#### Your goal
Whenever a line of the entries below holds the string "bounding", copy that line and return it.
::: Available records
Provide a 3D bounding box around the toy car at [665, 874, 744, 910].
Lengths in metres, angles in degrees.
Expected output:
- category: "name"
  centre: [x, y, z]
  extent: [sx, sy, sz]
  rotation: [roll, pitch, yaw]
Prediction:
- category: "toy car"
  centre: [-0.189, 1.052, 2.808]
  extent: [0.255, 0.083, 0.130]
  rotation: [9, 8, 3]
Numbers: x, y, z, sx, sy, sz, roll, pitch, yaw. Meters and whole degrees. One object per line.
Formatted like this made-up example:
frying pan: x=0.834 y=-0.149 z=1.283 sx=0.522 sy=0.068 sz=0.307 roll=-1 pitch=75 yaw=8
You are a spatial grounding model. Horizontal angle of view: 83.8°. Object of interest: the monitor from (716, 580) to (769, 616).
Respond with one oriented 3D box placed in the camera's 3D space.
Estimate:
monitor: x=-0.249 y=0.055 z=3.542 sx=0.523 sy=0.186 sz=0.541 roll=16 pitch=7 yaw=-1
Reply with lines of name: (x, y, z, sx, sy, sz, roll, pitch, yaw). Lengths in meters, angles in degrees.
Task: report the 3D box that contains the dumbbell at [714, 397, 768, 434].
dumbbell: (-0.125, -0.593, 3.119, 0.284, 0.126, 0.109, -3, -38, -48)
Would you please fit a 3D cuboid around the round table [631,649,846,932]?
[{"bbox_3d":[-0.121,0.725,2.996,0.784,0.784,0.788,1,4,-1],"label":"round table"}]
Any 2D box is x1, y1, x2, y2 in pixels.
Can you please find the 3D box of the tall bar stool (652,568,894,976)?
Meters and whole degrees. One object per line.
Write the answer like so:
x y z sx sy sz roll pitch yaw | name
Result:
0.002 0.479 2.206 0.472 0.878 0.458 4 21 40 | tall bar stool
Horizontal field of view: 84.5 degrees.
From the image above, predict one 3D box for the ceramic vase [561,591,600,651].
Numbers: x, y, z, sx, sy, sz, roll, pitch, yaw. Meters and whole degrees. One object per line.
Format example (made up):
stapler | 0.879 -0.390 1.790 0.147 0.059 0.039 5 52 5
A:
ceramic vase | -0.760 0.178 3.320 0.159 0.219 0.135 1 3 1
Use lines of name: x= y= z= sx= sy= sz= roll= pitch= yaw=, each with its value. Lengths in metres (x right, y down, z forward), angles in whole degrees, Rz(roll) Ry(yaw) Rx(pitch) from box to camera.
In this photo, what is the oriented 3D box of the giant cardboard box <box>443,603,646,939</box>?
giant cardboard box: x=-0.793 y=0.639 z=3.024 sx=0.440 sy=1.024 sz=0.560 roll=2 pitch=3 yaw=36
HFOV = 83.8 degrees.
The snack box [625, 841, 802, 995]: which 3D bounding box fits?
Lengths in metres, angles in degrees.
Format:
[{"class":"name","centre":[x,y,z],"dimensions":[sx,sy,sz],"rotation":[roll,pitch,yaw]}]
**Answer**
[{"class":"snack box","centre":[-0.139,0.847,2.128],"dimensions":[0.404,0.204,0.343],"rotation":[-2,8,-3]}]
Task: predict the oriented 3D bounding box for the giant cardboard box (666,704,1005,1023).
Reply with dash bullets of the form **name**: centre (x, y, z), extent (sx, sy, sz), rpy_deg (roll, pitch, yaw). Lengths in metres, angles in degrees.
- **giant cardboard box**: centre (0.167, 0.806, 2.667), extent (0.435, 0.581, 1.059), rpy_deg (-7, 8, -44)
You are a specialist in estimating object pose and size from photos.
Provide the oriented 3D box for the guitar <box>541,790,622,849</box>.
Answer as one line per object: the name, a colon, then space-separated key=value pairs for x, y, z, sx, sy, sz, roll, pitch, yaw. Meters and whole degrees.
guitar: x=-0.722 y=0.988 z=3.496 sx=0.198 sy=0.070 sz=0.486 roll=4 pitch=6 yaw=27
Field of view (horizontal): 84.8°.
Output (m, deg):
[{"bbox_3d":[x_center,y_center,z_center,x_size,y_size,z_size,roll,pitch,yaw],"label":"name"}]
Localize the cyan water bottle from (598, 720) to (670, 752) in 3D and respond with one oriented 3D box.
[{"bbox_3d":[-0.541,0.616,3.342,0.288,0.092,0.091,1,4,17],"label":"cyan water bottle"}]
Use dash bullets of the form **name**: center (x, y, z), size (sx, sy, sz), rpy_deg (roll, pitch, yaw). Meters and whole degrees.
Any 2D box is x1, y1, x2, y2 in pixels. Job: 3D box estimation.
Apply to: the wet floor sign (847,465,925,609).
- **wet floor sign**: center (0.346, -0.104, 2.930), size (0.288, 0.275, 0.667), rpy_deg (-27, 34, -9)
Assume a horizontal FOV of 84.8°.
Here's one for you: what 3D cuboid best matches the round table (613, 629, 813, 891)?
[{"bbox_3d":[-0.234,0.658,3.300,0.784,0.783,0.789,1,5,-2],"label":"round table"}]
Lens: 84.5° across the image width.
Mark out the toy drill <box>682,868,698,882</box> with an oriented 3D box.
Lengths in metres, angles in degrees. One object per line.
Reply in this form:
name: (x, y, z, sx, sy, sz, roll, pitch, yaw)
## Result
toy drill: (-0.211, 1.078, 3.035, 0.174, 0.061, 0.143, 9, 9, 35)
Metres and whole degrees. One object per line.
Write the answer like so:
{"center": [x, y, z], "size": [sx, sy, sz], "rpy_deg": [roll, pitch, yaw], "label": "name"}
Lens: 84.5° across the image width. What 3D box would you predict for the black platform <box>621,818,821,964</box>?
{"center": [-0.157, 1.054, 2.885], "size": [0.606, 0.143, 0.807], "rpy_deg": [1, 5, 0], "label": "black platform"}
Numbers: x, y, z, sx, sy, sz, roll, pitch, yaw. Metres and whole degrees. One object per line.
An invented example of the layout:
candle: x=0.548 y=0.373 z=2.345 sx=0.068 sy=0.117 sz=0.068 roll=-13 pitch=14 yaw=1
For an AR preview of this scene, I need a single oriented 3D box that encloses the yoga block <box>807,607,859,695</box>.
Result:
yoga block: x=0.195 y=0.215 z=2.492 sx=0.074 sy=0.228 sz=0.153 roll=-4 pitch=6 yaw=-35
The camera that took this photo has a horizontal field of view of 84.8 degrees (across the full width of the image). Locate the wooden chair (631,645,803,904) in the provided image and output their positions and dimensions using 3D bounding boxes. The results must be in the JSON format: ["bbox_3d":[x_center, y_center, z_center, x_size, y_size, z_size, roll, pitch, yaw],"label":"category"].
::::::
#### Exercise answer
Provide a 3D bounding box around the toy car at [665, 874, 744, 910].
The snack box [625, 841, 802, 995]: which 3D bounding box fits?
Task: predict the oriented 3D bounding box for the giant cardboard box (666,704,1005,1023).
The camera that took this photo has a horizontal field of view of 84.8 degrees (across the full width of the image). Locate the wooden chair (631,645,803,904) in the provided image and output their positions and dimensions using 3D bounding boxes. The results must be in the JSON format: ["bbox_3d":[x_center, y_center, z_center, x_size, y_size, z_size, roll, pitch, yaw],"label":"category"].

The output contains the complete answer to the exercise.